Saved data entries

▬▬▬▬▬▬▬▬▬▬

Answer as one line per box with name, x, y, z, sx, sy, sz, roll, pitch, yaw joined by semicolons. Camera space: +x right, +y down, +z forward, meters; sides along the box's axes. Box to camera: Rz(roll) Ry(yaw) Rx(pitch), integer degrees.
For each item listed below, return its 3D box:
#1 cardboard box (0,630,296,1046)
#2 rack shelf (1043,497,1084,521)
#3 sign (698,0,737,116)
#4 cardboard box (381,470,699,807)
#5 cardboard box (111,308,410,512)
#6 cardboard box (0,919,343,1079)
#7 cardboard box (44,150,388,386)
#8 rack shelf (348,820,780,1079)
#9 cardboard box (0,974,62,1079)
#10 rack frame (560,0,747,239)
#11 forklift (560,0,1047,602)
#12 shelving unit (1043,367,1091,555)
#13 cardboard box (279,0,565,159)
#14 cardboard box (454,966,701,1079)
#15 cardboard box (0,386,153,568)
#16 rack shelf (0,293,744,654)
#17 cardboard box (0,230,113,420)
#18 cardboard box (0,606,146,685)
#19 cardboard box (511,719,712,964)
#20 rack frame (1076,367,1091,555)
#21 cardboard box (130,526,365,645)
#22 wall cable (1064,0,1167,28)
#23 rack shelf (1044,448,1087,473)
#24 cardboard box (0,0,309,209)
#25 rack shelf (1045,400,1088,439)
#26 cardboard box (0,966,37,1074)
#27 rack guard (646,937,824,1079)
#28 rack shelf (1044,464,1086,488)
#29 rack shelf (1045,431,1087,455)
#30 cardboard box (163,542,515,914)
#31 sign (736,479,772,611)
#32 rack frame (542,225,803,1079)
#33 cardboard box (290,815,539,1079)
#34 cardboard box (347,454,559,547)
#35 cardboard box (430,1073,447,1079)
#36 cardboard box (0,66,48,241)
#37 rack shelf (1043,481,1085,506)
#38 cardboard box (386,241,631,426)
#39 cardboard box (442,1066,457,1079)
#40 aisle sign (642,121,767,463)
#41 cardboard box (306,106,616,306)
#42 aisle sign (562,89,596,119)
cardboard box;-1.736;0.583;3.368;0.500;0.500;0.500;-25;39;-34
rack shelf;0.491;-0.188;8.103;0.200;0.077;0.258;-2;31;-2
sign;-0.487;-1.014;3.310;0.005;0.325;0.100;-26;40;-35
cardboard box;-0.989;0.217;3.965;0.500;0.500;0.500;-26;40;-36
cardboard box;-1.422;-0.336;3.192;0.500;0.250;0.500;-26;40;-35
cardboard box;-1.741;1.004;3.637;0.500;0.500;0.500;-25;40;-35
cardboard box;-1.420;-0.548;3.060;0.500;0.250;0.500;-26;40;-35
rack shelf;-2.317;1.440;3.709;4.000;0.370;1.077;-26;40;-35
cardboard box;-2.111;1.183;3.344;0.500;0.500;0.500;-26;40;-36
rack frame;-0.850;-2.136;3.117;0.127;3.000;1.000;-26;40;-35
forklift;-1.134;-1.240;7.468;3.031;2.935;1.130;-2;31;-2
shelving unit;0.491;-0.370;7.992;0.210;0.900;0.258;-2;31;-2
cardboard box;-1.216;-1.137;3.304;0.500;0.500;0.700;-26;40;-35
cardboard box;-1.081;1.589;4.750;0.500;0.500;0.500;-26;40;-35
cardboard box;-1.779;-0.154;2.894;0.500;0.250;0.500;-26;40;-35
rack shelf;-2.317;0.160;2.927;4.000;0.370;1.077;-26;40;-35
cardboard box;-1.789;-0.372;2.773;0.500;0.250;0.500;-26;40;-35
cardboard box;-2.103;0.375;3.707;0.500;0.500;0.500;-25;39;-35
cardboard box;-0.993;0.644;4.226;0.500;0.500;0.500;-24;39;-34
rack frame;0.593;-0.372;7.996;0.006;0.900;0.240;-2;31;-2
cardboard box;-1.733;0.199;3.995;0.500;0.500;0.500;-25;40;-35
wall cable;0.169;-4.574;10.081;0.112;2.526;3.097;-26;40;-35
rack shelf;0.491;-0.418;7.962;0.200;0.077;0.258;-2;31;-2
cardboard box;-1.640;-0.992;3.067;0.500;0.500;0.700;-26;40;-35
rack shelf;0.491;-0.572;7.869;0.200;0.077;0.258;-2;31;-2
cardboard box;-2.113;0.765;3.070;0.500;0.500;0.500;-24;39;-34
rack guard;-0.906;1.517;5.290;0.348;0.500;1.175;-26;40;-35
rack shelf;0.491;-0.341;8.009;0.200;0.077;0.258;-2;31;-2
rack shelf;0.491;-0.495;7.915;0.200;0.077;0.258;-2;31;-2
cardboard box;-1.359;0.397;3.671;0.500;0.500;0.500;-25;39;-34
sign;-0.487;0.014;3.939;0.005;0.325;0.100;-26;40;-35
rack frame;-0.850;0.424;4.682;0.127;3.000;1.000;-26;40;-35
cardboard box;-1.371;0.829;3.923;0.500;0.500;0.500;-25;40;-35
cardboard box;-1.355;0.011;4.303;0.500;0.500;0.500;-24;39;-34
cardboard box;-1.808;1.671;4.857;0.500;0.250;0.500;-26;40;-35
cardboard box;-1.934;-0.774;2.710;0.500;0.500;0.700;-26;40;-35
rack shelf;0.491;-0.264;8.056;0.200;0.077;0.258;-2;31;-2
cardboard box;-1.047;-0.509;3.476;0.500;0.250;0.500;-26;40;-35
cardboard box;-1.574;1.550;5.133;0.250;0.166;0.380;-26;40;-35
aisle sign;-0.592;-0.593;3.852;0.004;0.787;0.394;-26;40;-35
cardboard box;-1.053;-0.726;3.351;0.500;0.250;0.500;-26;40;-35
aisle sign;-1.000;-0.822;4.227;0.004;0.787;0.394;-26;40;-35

▬▬▬▬▬▬▬▬▬▬

Exercise goal
The lines above from the one containing "#9 cardboard box (0,974,62,1079)" through the one containing "#15 cardboard box (0,386,153,568)" are to be set down exactly, and no others.

Reply
#9 cardboard box (0,974,62,1079)
#10 rack frame (560,0,747,239)
#11 forklift (560,0,1047,602)
#12 shelving unit (1043,367,1091,555)
#13 cardboard box (279,0,565,159)
#14 cardboard box (454,966,701,1079)
#15 cardboard box (0,386,153,568)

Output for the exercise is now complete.